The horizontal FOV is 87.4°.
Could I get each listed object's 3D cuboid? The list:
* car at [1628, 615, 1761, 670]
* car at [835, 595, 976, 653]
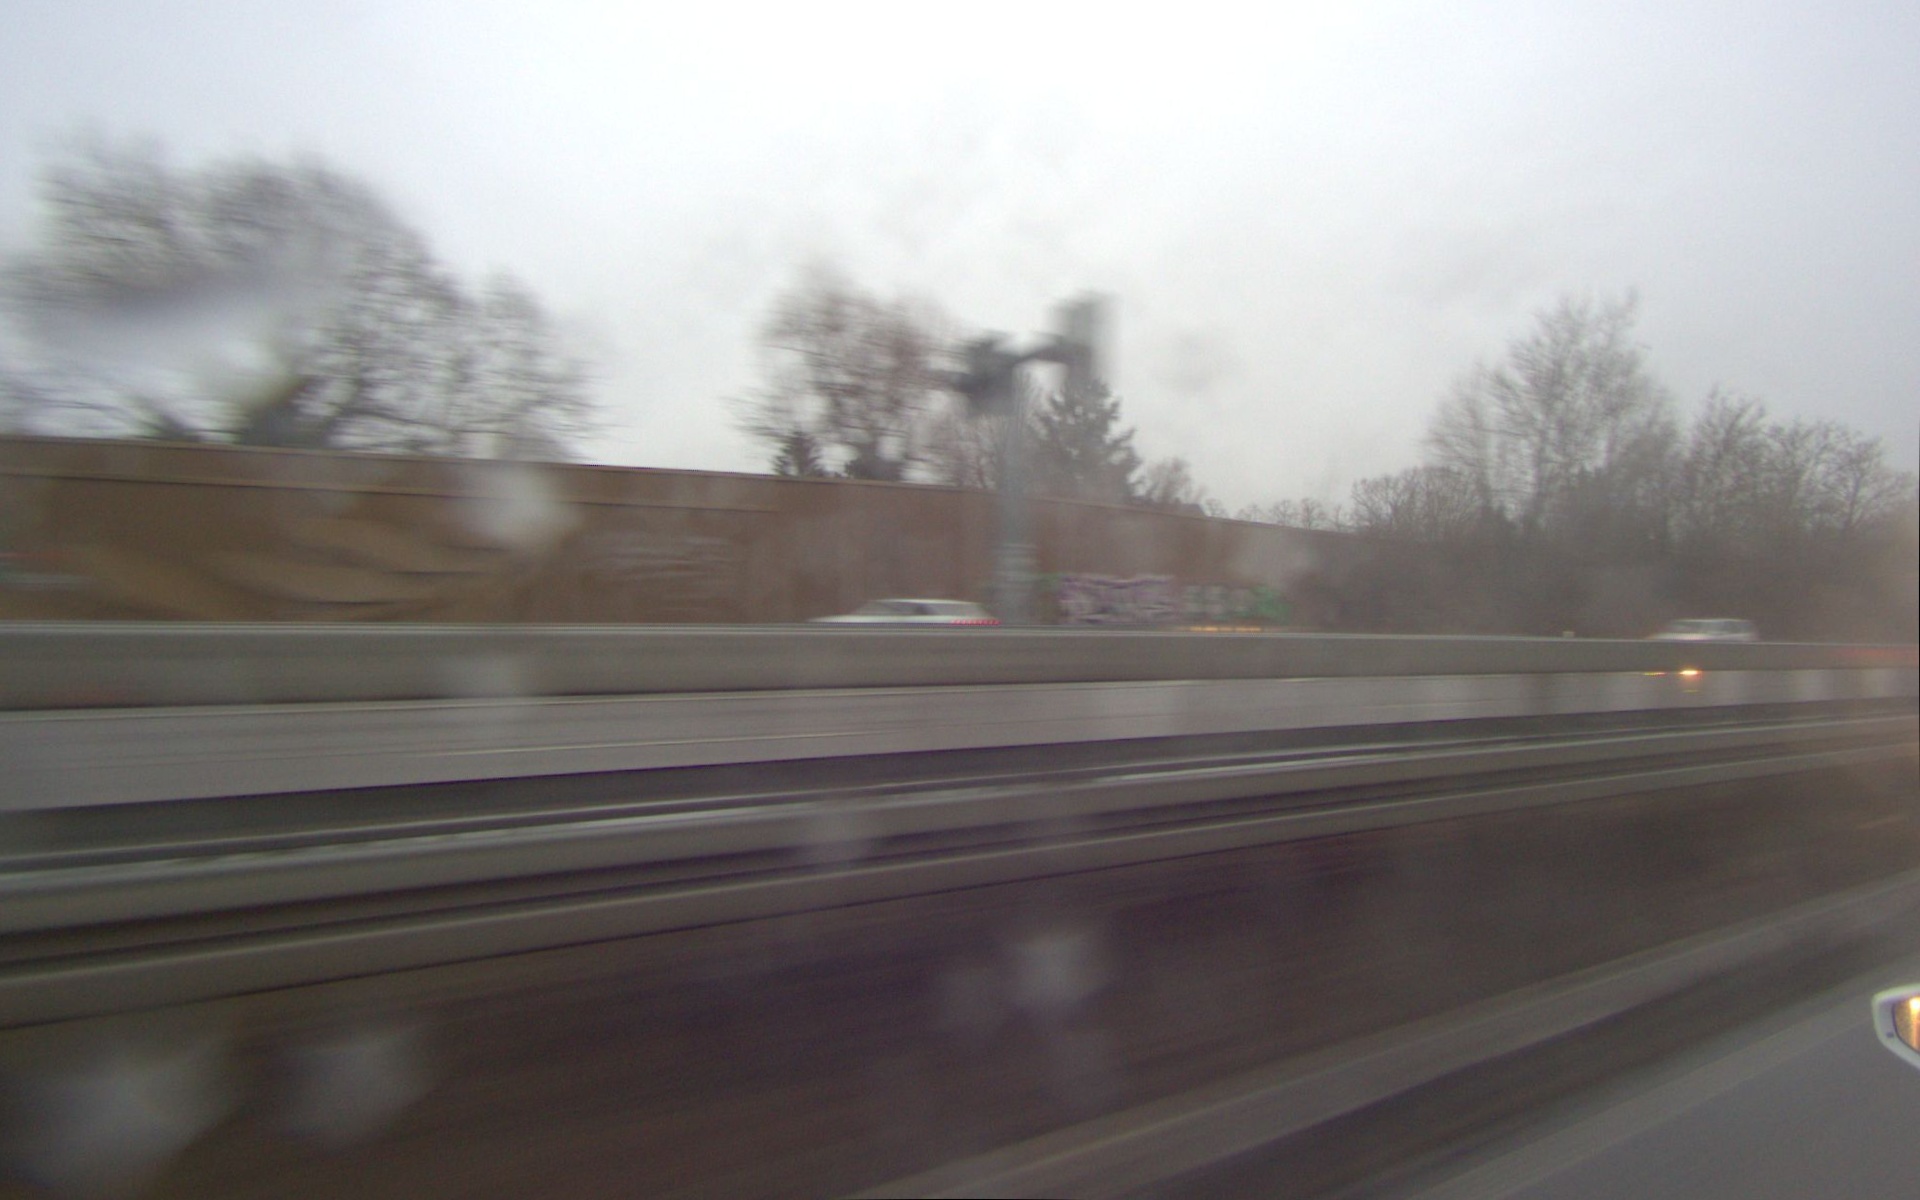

### REQUIRED WORK:
Leave every picture out and copy precisely the lines from the one containing "Could I get" through the last line of the data above, both ends included.

### EXERCISE ANSWER:
Could I get each listed object's 3D cuboid? The list:
* car at [1628, 615, 1761, 670]
* car at [835, 595, 976, 653]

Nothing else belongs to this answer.